The centerpiece of the boxset is 1964’s Woman of the Dunes, an epochal art house film and classic of world cinema with all the earmarks of that peculiar strain: existential premise, abstracted just enough so as to be open to endless discourse, an erotic charge. Pianist Glenn Gould purportedly watched it a hundred times. A story about a man from the city indulging his amateur entomology out in the rural countryside, he becomes the prisoner of a widow who lives in a sandpit, doomed to a “Sisyphus on the Beach” task of shoveling out the ever-encroaching stuff. Throughout the film, the sand transmogrifies within Teshigahara’s lens into the tiniest of crystals, looming mountains, walls, waterfalls, rivulets; it breaks like a ceramic plate, dribbles like milk, corrodes like acid, becomes a second skin, crumbles away like time itself. In the film’s commentary, James Quandt notes how such sand served as metaphor for the critics: representing Taosim, fate, society, time, the eternal, and–for Arthur Schlessinger Jr.–totalitarianism.
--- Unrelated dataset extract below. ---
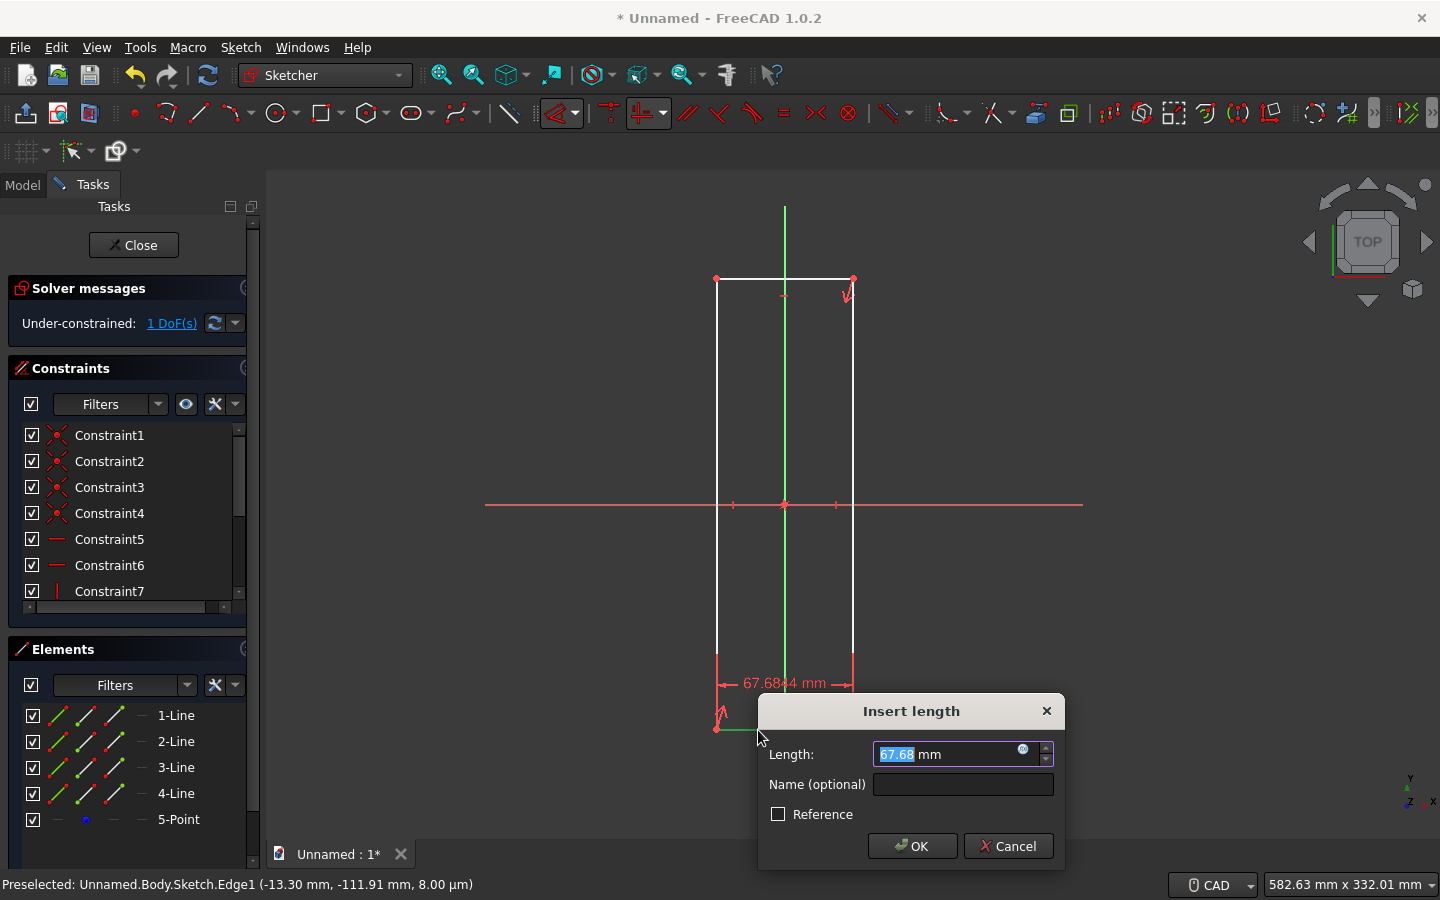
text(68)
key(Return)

“But what does the sand mean?” isn’t really for me to answer, but that 1/8-millimeter grain influences Takemitsu’s intense soundtrack. While no doubt indebted to the works of Western composers like John Cage and Claude Debussy (Ross notes a circularity in that both of these men “had been heavily influenced by Japanese music and Japanese thought”), here Takemitsu renders his instruments’ timbre at their most visceral and elemental. The film opens with a sound collage of urban clamor–train, intercom, horns–then such density drops away altogether. The most spectral aspects of scraped strings, piercing flute tones, jags of harp and relentless Japanese drums comprise the movie’s entire sonic palette, matching up with the creaks of wood and gusts of sirocco winds in the sound design.

(This clip is borderline NSFW.) For the charged love scene between the man and the woman, Takemitsu takes something intimate and familiar–Teshigahara shows extreme close-ups of granules embedded in the couple’s skin–and renders it into something primal, grimy, and skin-prickling via a painfully slow rattle and astringent drones.

(Another nearly NSFW clip.) Animalistic and tactile as the previous scene is, it’s nothing compared to the movie’s climax, where the local villagers appear around the rim of the sandpit and bid the man and his woman put on a show for them. Grotesquely masked, pounding on giant Japanese drums, there’s no need for avant-garde strategies here, as the ritualistic rhythms are blood-boiling in their intensity, urging the man to rape the woman for the audience’s entertainment.

The woman vanishes into darkness before she can be apprehended, but the blatant horror of the act reveals an irreversible shift: rather than fight it, this civilized man has acquiesced to the demands of this rural society. Entrapped, he perversely feels free. The noise of the city has given way to the sound of these drums; is there really any difference? Melding East-West atonality or simply deploying a thunderous tribal beat, Takemitsu’s harsh, caustic soundtrack embodies throughout the film the effects of sunstroke, of disintegration, of animal violence, of sanity slipping through fingers like sand.